A two-disc Blu-ray/DVD combo ($39.99) includes the bloopers, deleted scenes, making-of and other pieces -- but not the trailers, digital copy or the soundtrack download. There are also single-disc sets, one with the soundtrack card added ($34.99) and one without ($29.99); both have the blooper reel.
If you are looking for more family viewing, the animated-with-live-action movie Hop arrives on Friday from Universal: $39.98 for a Blu-ray/DVD/digital combo; $34.98 for DVD/digital package and $29.98 for the standard DVD alone. The movie tells the intersecting stories of E.B., a rabbit who is next in line to be the Easter Bunny, and Fred O'Hare (James Marsden), a slacker whose greatest moment was briefly seeing the Easter Bunny in action when he was a child.
The movie's promotion pushes it as being from the makers of the mega-hit Despicable Me, but its story is less interesting than that of Despicable (and when you get down to it, I preferred Megamind to Despicable anyway).
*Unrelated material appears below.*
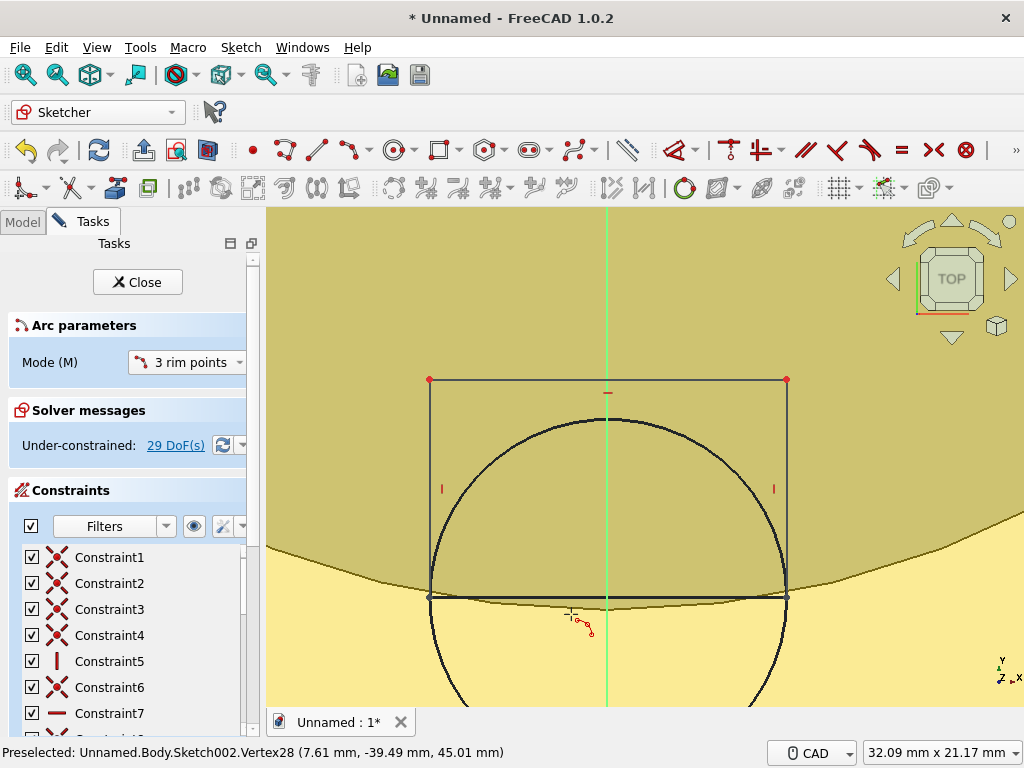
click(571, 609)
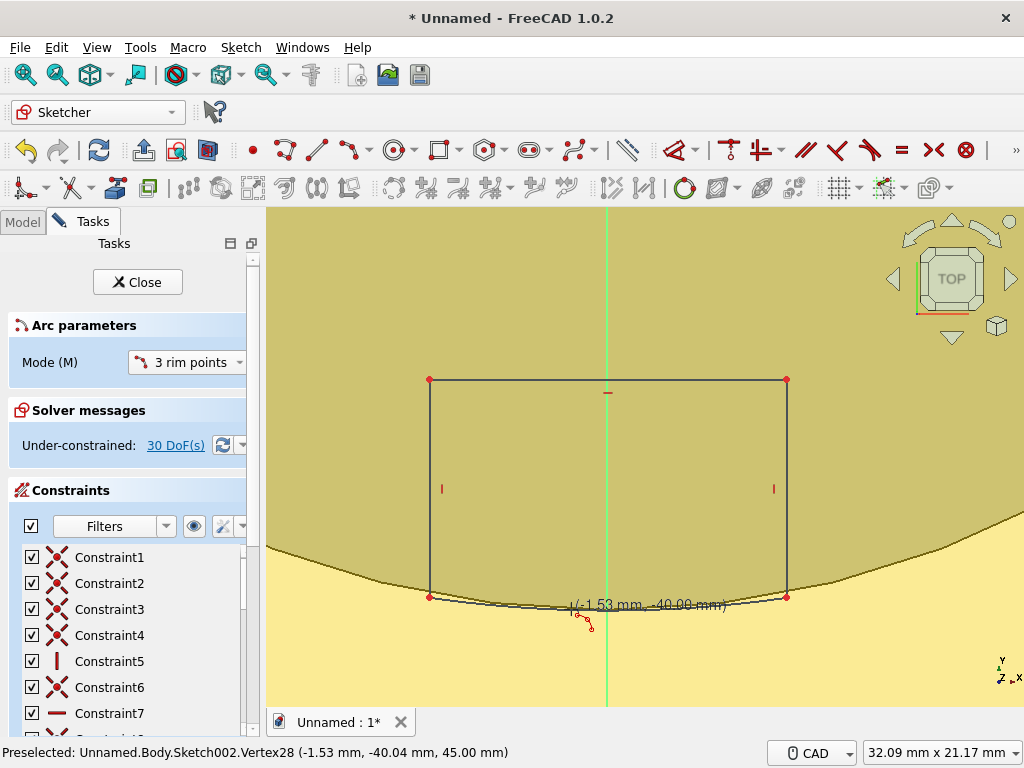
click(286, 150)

Marsden also doesn't seem to have a firm grip on talking to animated characters. But the images in Hop are for the most part terrific; I was wowed by the earliest sequences.
Extras include a new mini-movie and other elements.
Turning to more adult fare, Tuesday brings Tinker Tailor Soldier Spy (Universal, $34.98 in Blu-ray/DVD/digital combo, $29.98 standard DVD), which has a fine performance by Gary Oldman as the spy George Smiley trying to find a mole in British intelligence. Based on the novel by John le Carre, the movie can't fit all the book's twists and turns and at times seems to jump abruptly through events. You might want to acquire the TV version of Tinker Tailor, with Alec Guinness as Smiley, for comparison; it is on DVD now, from Acorn Media, with the Blu-ray version coming April 24. There were times in Oldman's performance when I was sure he was paying sly vocal tribute to Guinness.
And, as long as we're making comparisons, you could take the Swedish version of The Girl With the Dragon Tattoo, currently on DVD and Blu-ray, and compare it with Tuesday's release of the English-language version (Sony, $40.99 in Blu-ray/DVD/digital combo, $30.99 DVD). David Fincher directed the latter, with Rooney Mara starring, and it's an admirable adaptation of Stieg Larsson's book. It's especially interesting to look at Mara versus Noomi Rapace in the earlier film; both performances dazzle, but in different ways.